The rcsB mutant showed increases in cell interactions for almost all tested conditions, except for intracellular replication in epithelial cells. RcsB belongs to the Rcs phosphorelay, a complex TCS with three members, RcsC, RcsD, and RcsB, and several accessory proteins involved in the stress envelope response. RcsB was shown to repress important virulence factors, including fimbriae, SPI-1, and also activation expression of the Vi capsule [16,90]. Thus, some virulence genes are expressed in the rcsB mutant, which lead to increased adhesion and invasion and the Vi capsule is repressed, which increased phagocytosis by these cells [118].
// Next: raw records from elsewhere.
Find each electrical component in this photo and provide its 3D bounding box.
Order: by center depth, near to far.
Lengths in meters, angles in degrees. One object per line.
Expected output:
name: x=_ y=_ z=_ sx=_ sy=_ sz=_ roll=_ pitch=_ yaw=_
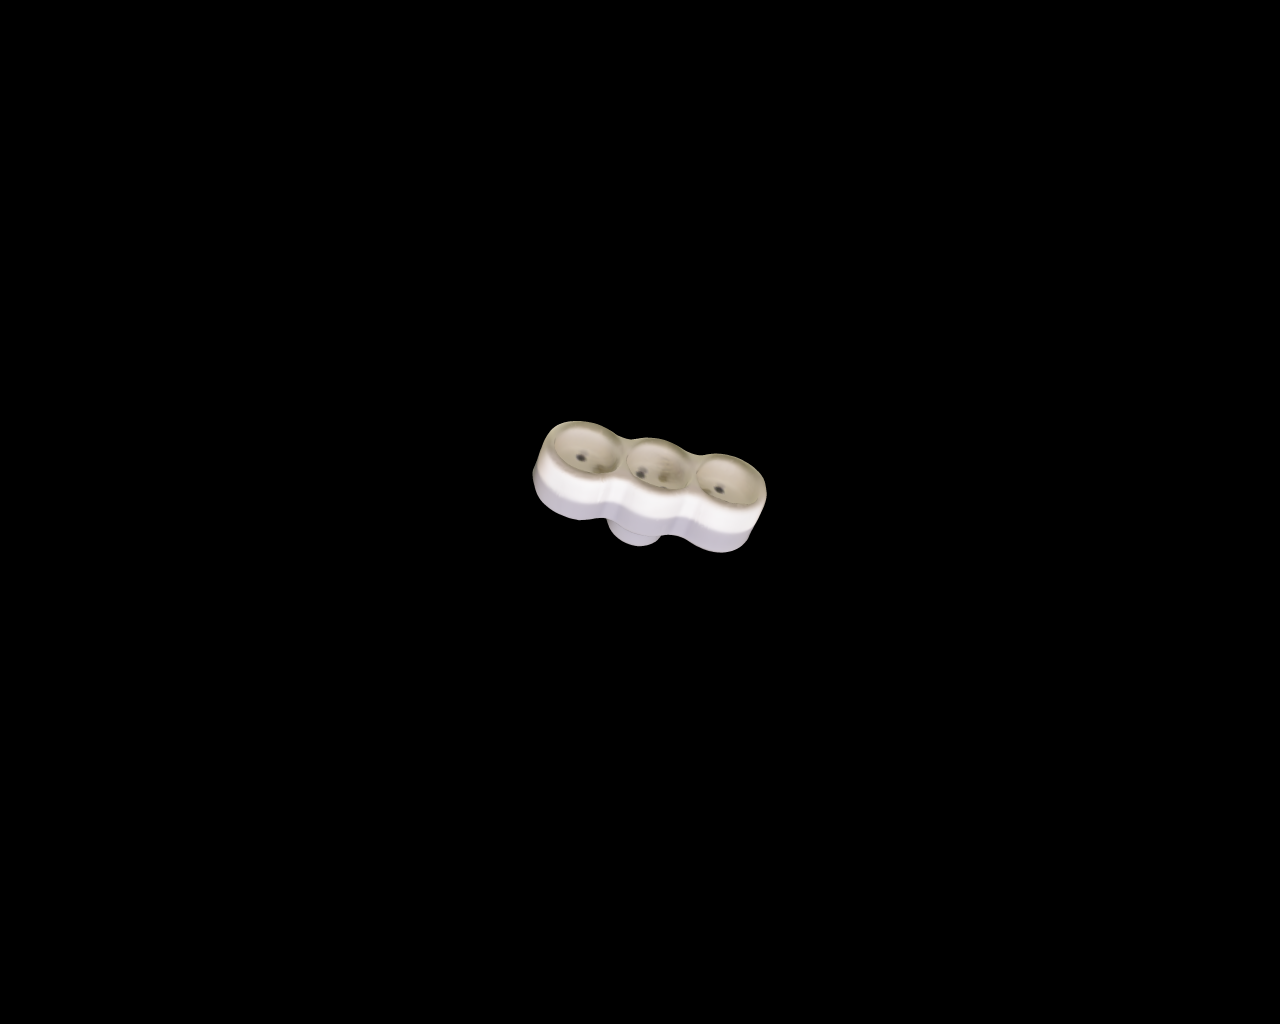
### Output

The ompR mutant showed the lowest level of adhesion and one of the lowest levels of invasion (Figure 1). These defects were restored by the addition of a wild-type copy of ompR (Figure 3). The motility of the ompR mutant was also reduced to 85% of the wild-type. An ompR mutant was attenuated in S. Typhimurium [71] and OmpR was associated with the activation of SPI-2 [73,74,75] and motility genes [119]. This regulation pattern is exactly the opposite of the Rcs system, which may explain why these mutants have strong and opposite phenotypes. These phenotypes are specific to each mutation and did not involve the Vi capsule.

5. Conclusions

Virulence genes expression needed to be tightly regulated in order for S. Typhi to adapt and survive within the host. TCS participate in the regulation of several virulence factors and we have shown that several TCS contribute to adhesion, invasion, replication, uptake, and survival of S. Typhi. Distinct phenotypes of the CpxR mutant of S. Typhi compared to S. Typhimurium may reveal fundamental regulatory differences associated with S. Typhi niche specialization. Further characterization of the regulons associated with TCS involved in virulence and identification of the signals required for their activation will be important to understand S. Typhi pathogenesis. This will help to identify and develop strategies to prevent and or to reduce typhoid infections.